1-2-3 Patterns
The so-called “1-2-3” Patterns are reversal patterns.
The key points of a 1-2-3 formation are as follows:
In an uptrend it creates what looks like an “M”... ·
a Higher High (1)·
a Higher Low (2)·
a Lower High (3). (3) does not go any higher than (1).
In a downtrend it creates what looks like a “W”... ·
a Lower Low (1)·
a Lower High (2)·
a Higher Low (3). (3) does not go any lower than (1).
(1) Is the Bottom/Top (depending on original trend direction).
(2) Acts as Correction.
(3) is a retest of (1) that does not go beyond it.
Trading a 1-2-3 Pattern
A horizontal Break Line is drawn from (2) and a break of that level serves to identify the trade entry area.

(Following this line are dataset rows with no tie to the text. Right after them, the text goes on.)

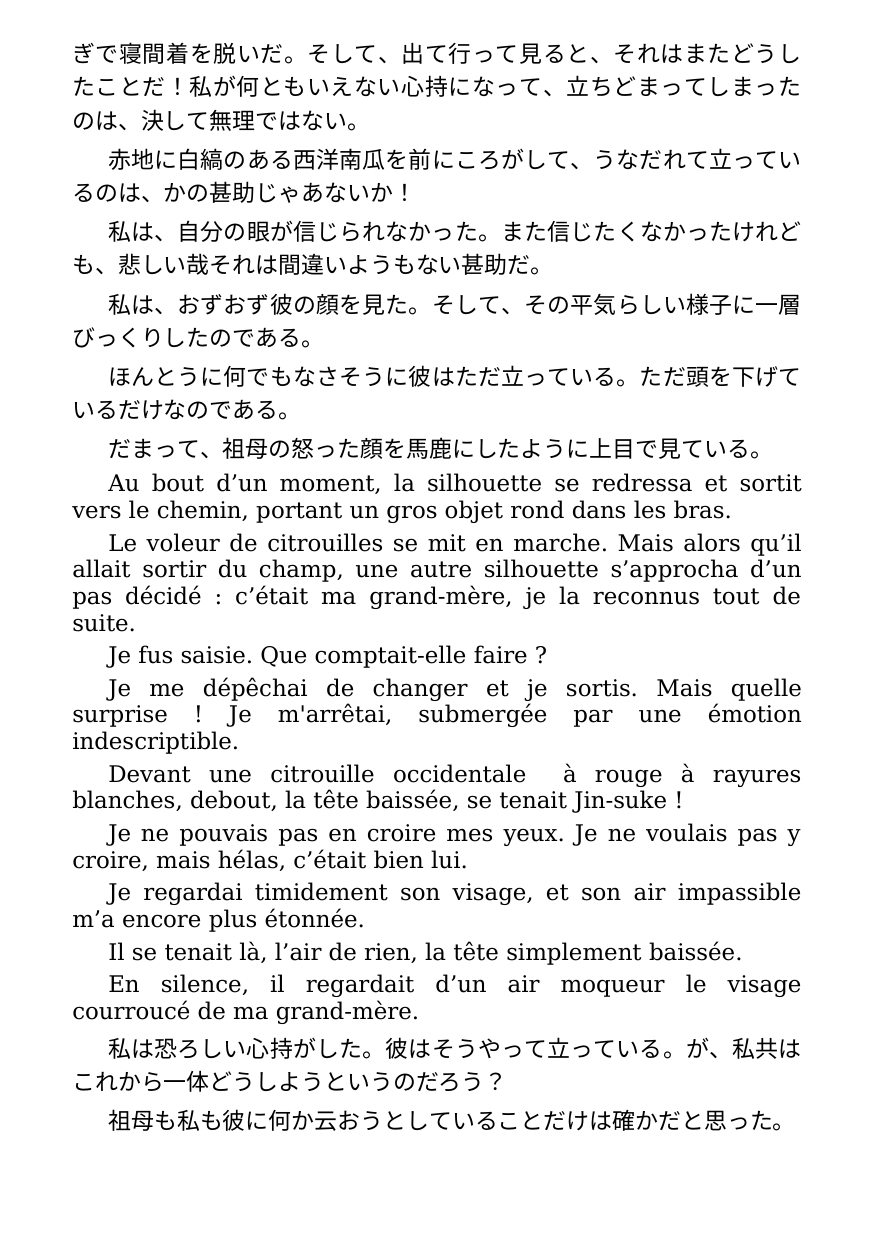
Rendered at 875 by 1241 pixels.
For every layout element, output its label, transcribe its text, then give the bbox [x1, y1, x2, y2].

text 私は、おずおず彼の顔を見た。そして、その平気らしい様子に一層びっくりしたのである。 [72, 286, 802, 353]
text Au bout d’un moment, la silhouette se redressa et sortit vers le chemin, portant un gros objet rond dans les bras. [72, 470, 802, 524]
text En silence, il regardait d’un air moqueur le visage courroucé de ma grand-mère. [72, 971, 802, 1024]
text Je me dépêchai de changer et je sortis. Mais quelle surprise ! Je m'arrêtai, submergée par une émotion indescriptible. [72, 675, 802, 755]
text Je regardai timidement son visage, et son air impassible m’a encore plus étonnée. [72, 879, 802, 933]
text Devant une citrouille occidentale à rouge à rayures blanches, debout, la tête baissée, se tenait Jin-suke ! [72, 761, 802, 814]
text 私は恐ろしい心持がした。彼はそうやって立っている。が、私共はこれから一体どうしようというのだろう？ [72, 1031, 802, 1097]
text Je ne pouvais pas en croire mes yeux. Je ne voulais pas y croire, mais hélas, c’était bien lui. [72, 820, 802, 873]
text Le voleur de citrouilles se mit en marche. Mais alors qu’il allait sortir du champ, une autre silhouette s’approcha d’un pas décidé : c’était ma grand-mère, je la reconnus tout de suite. [72, 530, 802, 636]
text Je fus saisie. Que comptait-elle faire ? [72, 642, 802, 669]
text だまって、祖母の怒った顔を馬鹿にしたように上目で見ている。 [72, 431, 802, 464]
text 赤地に白縞のある西洋南瓜を前にころがして、うなだれて立っているのは、かの甚助じゃあないか！ [72, 142, 802, 208]
text 祖母も私も彼に何か云おうとしていることだけは確かだと思った。 [72, 1103, 802, 1136]
text 私は、自分の眼が信じられなかった。また信じたくなかったけれども、悲しい哉それは間違いようもない甚助だ。 [72, 214, 802, 281]
text ぎで寝間着を脱いだ。そして、出て行って見ると、それはまたどうしたことだ！私が何ともいえない心持になって、立ちどまってしまったのは、決して無理ではない。 [72, 36, 802, 136]
text Il se tenait là, l’air de rien, la tête simplement baissée. [72, 939, 802, 965]
text ほんとうに何でもなさそうに彼はただ立っている。ただ頭を下げているだけなのである。 [72, 359, 802, 425]

Projecting the length of (1) – (2) from the break Line should provide a potential target projection.
Mark Crisp, in the PDF referenced below, explains further:
1.The more candles involved in the formation is indicative to the size of the break out. The more candles, the bigger the break.
2.1-2-3 patterns work across different time frames, but the bigger the time frame, the larger the trend development.
That completes our overview of the 1-2-3 Pattern, it really is as simple as that.
These patterns can certainly form on their own.